2. La condition énoncée à la règle 55(c) CBE, selon laquelle l'acte d'opposition doit comporter entre autres "les faits et justifications invoqués à l'appui" des "motifs", n'est remplie que si le contenu de l'acte d'opposition est suffisant pour permettre de comprendre correctement la cause de l'opposant en l'appréciant objectivement.
Acte d'opposition - recevabilité
Notification établie conformément à la règle 57(1) CBE
Contenu suffisant de l'acte d'opposition
Exposé des faits et conclusions
I. La demande de brevet européen n° 79 300 610.7 déposée le 12 avril 1979 et revendiquant la priorité d'une demande antérieure (US 897 963) en date du 19 avril 1978 a donné lieu le 16 février 1983 à la délivrance du brevet européen n° 5033 comportant 21 revendications.
II. Le 15 novembre 1983, la requérante a fait opposition au brevet européen par un télex dont le contenu a été confirmé par une lettre reçue le 19 novembre et demandant la révocation du brevet dans sa totalité. La taxe d'opposition a également été acquittée le 15 novembre 1983.
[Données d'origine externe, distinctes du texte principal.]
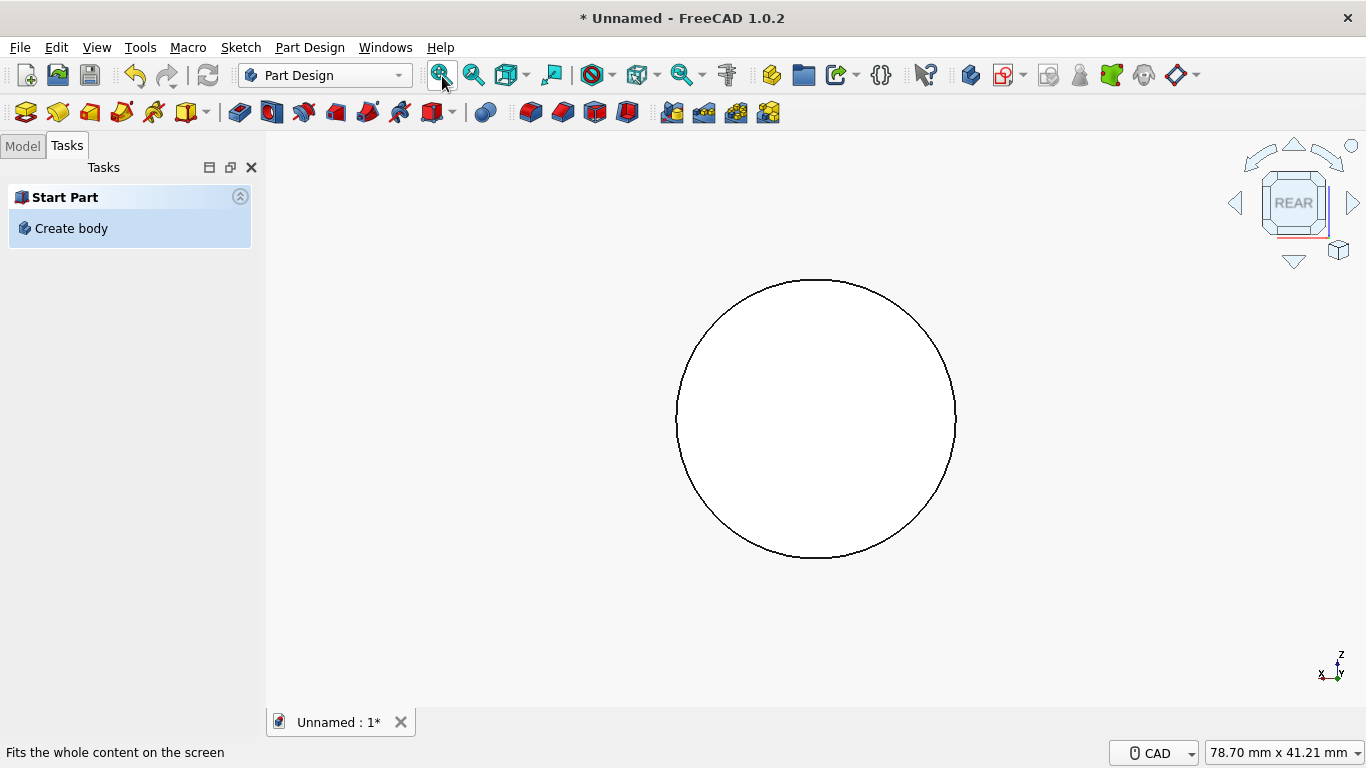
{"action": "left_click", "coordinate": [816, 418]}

Dans l'exposé des motifs de l'opposition, il est déclaré ce qui suit :
"L'objet du brevet européen n° 5033, défini par les revendications 1 à 21, comprend des polyesters, des compositions de revêtement et des compositions de peinture qui sont couramment décrits dans l'état de la technique et/ou utilisés dans le domaine technique concerné.
L'indice d'hydroxyle,
les produits a) et b),
les produits facultatifs c) et d),
les pourcentages en poids des fractions cycliques et des fractions amides, et
les pourcentages en poids des réactants ayant une fonctionnalité égale ou supérieure à 3,
tels qu'ils figurent dans la revendication 1 du brevet n° 5033, sont tout à fait courants et généralement connus, ainsi qu'il ressort par exemple de l'état de la technique contenu dans les publications suivantes : ..."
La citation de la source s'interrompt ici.